Verrebbe dunque da chiedersi come la Russia potrà trarre vantaggio dal controllo delle riserve petrolifere venezuelane. La risposta potrebbe venire da Oriente, con le economie asiatiche che si candidano a nuovo mercato d’elezione per il petrolio venduto da Mosca: il consumo energetico primario della regione Asia-Pacifico corrisponde attualmente a più del 40% di quello mondiale e secondo l’Energy Outlook del 2018 di Bp l’Asia sarà la regione che contribuirà maggiormente all’aumento di circa un terzo della domanda energetica mondiale per il 2040.
L’Asia ha bisogno di energia e la paura di non riceverne abbastanza è un driver sempre più forte per la loro politica estera ed economica: in particolare, la regione è dipendente dalla fornitura di petrolio dal Medi oriente, una condizione che diventa sempre più sofferta con l’intensificarsi della crisi fra Iran e Arabia Saudita. Questo spinge Paesi come Cina o India a ricercare fornitori alternativi qualora i ritardi comincino ad accumularsi e a perdurare nel tempo ed essendo proprio Cina ed India rispettivamente il secondo ed il terzo Paese per consumo di petrolio al mondo è chiaro che questi saranno particolarmente avidi di oro nero in caso di crisi.
Per capire quanto il mercato petrolifero asiatico sia più promettente di quello europeo basta vedere la differenza fra il consumo annuale cinese – 12.799.000 barili al giorno (dati di Ceoworld, 2017) contro 4,82 barili di petrolio al giorno prodotti (dati Eia, 2018) – con quelli della Germania, primo Paese europeo che troviamo nella stessa classifica – più precisamente, al nono posto con 2 447 000 barili al giorno, poco meno di un quinto del consumo cinese –. Circa cinque Germanie sarebbero dunque necessarie per fare la domanda giornaliera di un solo Paese asiatico, mentre l’India viaggia su un più modesto consumo giornaliero di 4 690 000 di barili, poco meno del doppio della prima economia europea.
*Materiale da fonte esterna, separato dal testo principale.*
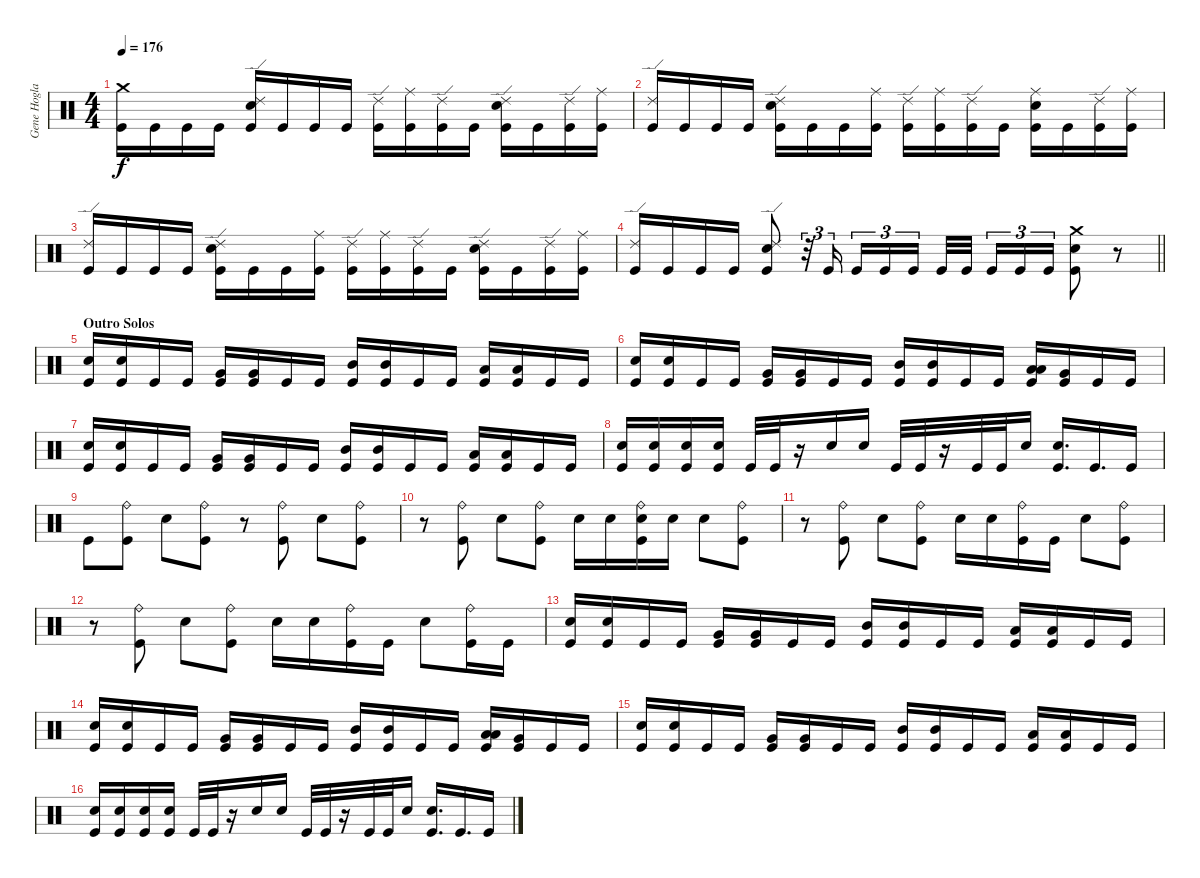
\track ("Gene Hoglan " "Gene Hogla") {instrument percussion}
\staff {score}
\articulation defaults
\ts (4 4)
\tempo 176
\clef neutral
\ks c
("Crash medium (hit)" "Kick (hit)").16{dy f} "Kick (hit)".16 "Kick (hit)".16 "Kick (hit)".16 ("Ride (edge) 2" "Snare (hit) 2" "Kick (hit)").16 "Kick (hit)".16 "Kick (hit)".16 "Kick (hit)".16 ("Ride (edge) 2" "Kick (hit)").16 ("Ride (middle)" "Kick (hit)").16 ("Ride (edge) 2" "Kick (hit)").16 "Kick (hit)".16 ("Ride (edge) 2" "Snare (hit) 2" "Kick (hit)").16 "Kick (hit)".16 ("Ride (edge) 2" "Kick (hit)").16 ("Ride (middle)" "Kick (hit)").16 |
("Ride (edge) 2" "Kick (hit)").16 "Kick (hit)".16 "Kick (hit)".16 "Kick (hit)".16 ("Ride (edge) 2" "Snare (hit) 2" "Kick (hit)").16 "Kick (hit)".16 "Kick (hit)".16 ("Ride (middle)" "Kick (hit)").16 ("Ride (edge) 2" "Kick (hit)").16 ("Ride (middle)" "Kick (hit)").16 ("Ride (edge) 2" "Kick (hit)").16 "Kick (hit)".16 ("Ride (middle)" "Snare (hit) 2" "Kick (hit)").16 "Kick (hit)".16 ("Ride (edge) 2" "Kick (hit)").16 ("Ride (middle)" "Kick (hit)").16 |
("Ride (edge) 2" "Kick (hit)").16 "Kick (hit)".16 "Kick (hit)".16 "Kick (hit)".16 ("Ride (edge) 2" "Snare (hit) 2" "Kick (hit)").16 "Kick (hit)".16 "Kick (hit)".16 ("Ride (middle)" "Kick (hit)").16 ("Ride (edge) 2" "Kick (hit)").16 ("Ride (middle)" "Kick (hit)").16 ("Ride (edge) 2" "Kick (hit)").16 "Kick (hit)".16 ("Ride (edge) 2" "Snare (hit) 2" "Kick (hit)").16 "Kick (hit)".16 ("Ride (edge) 2" "Kick (hit)").16 ("Ride (middle)" "Kick (hit)").16 |
\barLineRight lightlight
("Ride (edge) 2" "Kick (hit)").16 "Kick (hit)".16 "Kick (hit)".16 "Kick (hit)".16 ("Ride (edge) 2" "Snare (hit) 2" "Kick (hit)").8 r.32{tu (3 2)} "Kick (hit)".16{tu (3 2)} "Kick (hit)".16{tu (3 2)} "Kick (hit)".16{tu (3 2)} "Kick (hit)".16{tu (3 2)} "Kick (hit)".32 "Kick (hit)".32 "Kick (hit)".16{tu (3 2)} "Kick (hit)".16{tu (3 2)} "Kick (hit)".16{tu (3 2)} ("Crash medium (hit)" "Snare (hit) 2" "Kick (hit)").8 r.8 |
\section ("" "Outro Solos")
("Snare (hit) 2" "Kick (hit)").16 ("Snare (hit) 2" "Kick (hit)").16 "Kick (hit)".16 "Kick (hit)".16 ("Very Low Tom (hit)" "Kick (hit)").16 ("Very Low Tom (hit)" "Kick (hit)").16 "Kick (hit)".16 "Kick (hit)".16 ("Mid Tom (hit)" "Kick (hit)").16 ("Mid Tom (hit)" "Kick (hit)").16 "Kick (hit)".16 "Kick (hit)".16 ("Low Tom (hit)" "Kick (hit)").16 ("Low Tom (hit)" "Kick (hit)").16 "Kick (hit)".16 "Kick (hit)".16 |
("Snare (hit) 2" "Kick (hit)").16 ("Snare (hit) 2" "Kick (hit)").16 "Kick (hit)".16 "Kick (hit)".16 ("Very Low Tom (hit)" "Kick (hit)").16 ("Very Low Tom (hit)" "Kick (hit)").16 "Kick (hit)".16 "Kick (hit)".16 ("Mid Tom (hit)" "Kick (hit)").16 ("Mid Tom (hit)" "Kick (hit)").16 "Kick (hit)".16 "Kick (hit)".16 ("Low Tom (hit)" "Low Tom (hit)" "Kick (hit)").16 ("Very Low Tom (hit)" "Kick (hit)").16 "Kick (hit)".16 "Kick (hit)".16 |
("Snare (hit) 2" "Kick (hit)").16 ("Snare (hit) 2" "Kick (hit)").16 "Kick (hit)".16 "Kick (hit)".16 ("Very Low Tom (hit)" "Kick (hit)").16 ("Very Low Tom (hit)" "Kick (hit)").16 "Kick (hit)".16 "Kick (hit)".16 ("Mid Tom (hit)" "Kick (hit)").16 ("Mid Tom (hit)" "Kick (hit)").16 "Kick (hit)".16 "Kick (hit)".16 ("Low Tom (hit)" "Kick (hit)").16 ("Low Tom (hit)" "Kick (hit)").16 "Kick (hit)".16 "Kick (hit)".16 |
("Snare (hit) 2" "Kick (hit)").16 ("Snare (hit) 2" "Kick (hit)").16 ("Snare (hit) 2" "Kick (hit)").16 ("Snare (hit) 2" "Kick (hit)").16 "Kick (hit)".32 "Kick (hit)".32 r.16 "Snare (hit) 2".16 "Snare (hit) 2".16 "Kick (hit)".32 "Kick (hit)".32 r.16 "Kick (hit)".32 "Kick (hit)".32 "Snare (hit) 2".16 ("Snare (hit) 2" "Kick (hit)").16{d} "Kick (hit)".16{d} "Kick (hit)".16 |
"Kick (hit)".8 ("Ride (bell)" "Kick (hit)").8 "Snare (hit) 2".8 ("Ride (bell)" "Kick (hit)").8 r.8 ("Ride (bell)" "Kick (hit)").8 "Snare (hit) 2".8 ("Ride (bell)" "Kick (hit)").8 |
r.8 ("Ride (bell)" "Kick (hit)").8 "Snare (hit) 2".8 ("Ride (bell)" "Kick (hit)").8 "Snare (hit) 2".16 "Snare (hit) 2".16 ("Ride (bell)" "Snare (hit) 2" "Kick (hit)").16 "Snare (hit) 2".16 "Snare (hit) 2".8 ("Ride (bell)" "Kick (hit)").8 |
r.8 ("Ride (bell)" "Kick (hit)").8 "Snare (hit) 2".8 ("Ride (bell)" "Kick (hit)").8 "Snare (hit) 2".16 "Snare (hit) 2".16 ("Ride (bell)" "Kick (hit)").16 "Kick (hit)".16 "Snare (hit) 2".8 ("Ride (bell)" "Kick (hit)").8 |
r.8 ("Ride (bell)" "Kick (hit)").8 "Snare (hit) 2".8 ("Ride (bell)" "Kick (hit)").8 "Snare (hit) 2".16 "Snare (hit) 2".16 ("Ride (bell)" "Kick (hit)").16 "Kick (hit)".16 "Snare (hit) 2".8 ("Ride (bell)" "Kick (hit)").16 "Kick (hit)".16 |
("Snare (hit) 2" "Kick (hit)").16 ("Snare (hit) 2" "Kick (hit)").16 "Kick (hit)".16 "Kick (hit)".16 ("Very Low Tom (hit)" "Kick (hit)").16 ("Very Low Tom (hit)" "Kick (hit)").16 "Kick (hit)".16 "Kick (hit)".16 ("Mid Tom (hit)" "Kick (hit)").16 ("Mid Tom (hit)" "Kick (hit)").16 "Kick (hit)".16 "Kick (hit)".16 ("Low Tom (hit)" "Kick (hit)").16 ("Low Tom (hit)" "Kick (hit)").16 "Kick (hit)".16 "Kick (hit)".16 |
("Snare (hit) 2" "Kick (hit)").16 ("Snare (hit) 2" "Kick (hit)").16 "Kick (hit)".16 "Kick (hit)".16 ("Very Low Tom (hit)" "Kick (hit)").16 ("Very Low Tom (hit)" "Kick (hit)").16 "Kick (hit)".16 "Kick (hit)".16 ("Mid Tom (hit)" "Kick (hit)").16 ("Mid Tom (hit)" "Kick (hit)").16 "Kick (hit)".16 "Kick (hit)".16 ("Low Tom (hit)" "Low Tom (hit)" "Kick (hit)").16 ("Very Low Tom (hit)" "Kick (hit)").16 "Kick (hit)".16 "Kick (hit)".16 |
("Snare (hit) 2" "Kick (hit)").16 ("Snare (hit) 2" "Kick (hit)").16 "Kick (hit)".16 "Kick (hit)".16 ("Very Low Tom (hit)" "Kick (hit)").16 ("Very Low Tom (hit)" "Kick (hit)").16 "Kick (hit)".16 "Kick (hit)".16 ("Mid Tom (hit)" "Kick (hit)").16 ("Mid Tom (hit)" "Kick (hit)").16 "Kick (hit)".16 "Kick (hit)".16 ("Low Tom (hit)" "Kick (hit)").16 ("Low Tom (hit)" "Kick (hit)").16 "Kick (hit)".16 "Kick (hit)".16 |
("Snare (hit) 2" "Kick (hit)").16 ("Snare (hit) 2" "Kick (hit)").16 ("Snare (hit) 2" "Kick (hit)").16 ("Snare (hit) 2" "Kick (hit)").16 "Kick (hit)".32 "Kick (hit)".32 r.16 "Snare (hit) 2".16 "Snare (hit) 2".16 "Kick (hit)".32 "Kick (hit)".32 r.16 "Kick (hit)".32 "Kick (hit)".32 "Snare (hit) 2".16 ("Snare (hit) 2" "Kick (hit)").16{d} "Kick (hit)".16{d} "Kick (hit)".16

Inoltre, fra i primi dieci Paesi per consumo petrolifero, 4 sono asiatici ed insieme totalizzano il 24,7% del consumo mondiale.
In conclusione, la Russia avrà con molta probabilità un ruolo sempre maggiore come raffinatore del petrolio venezuelano e potrà contare su questa ulteriore disponibilità per guadagnare reddito dalle esportazioni nel mercato asiatico, meno interessato rispetto a quello europeo a ridurre l’utilizzo di combustibili fossili che non siano carbone e più lanciato verso uno sviluppo economico estremamente energivoro. Occorre però tenere a mente che tutti gli attori coinvolti hanno interesse a giocare con la diffusione di informazioni per creare emozioni fra gli osservatori, i quali spesso dimenticano la complessità dello scenario preso in considerazione e rischiano di vedere come un dato di fatto un processo che è tuttora in corso. La cautela, quando si parla di Russia come di America Latina, è decisamente d’obbligo.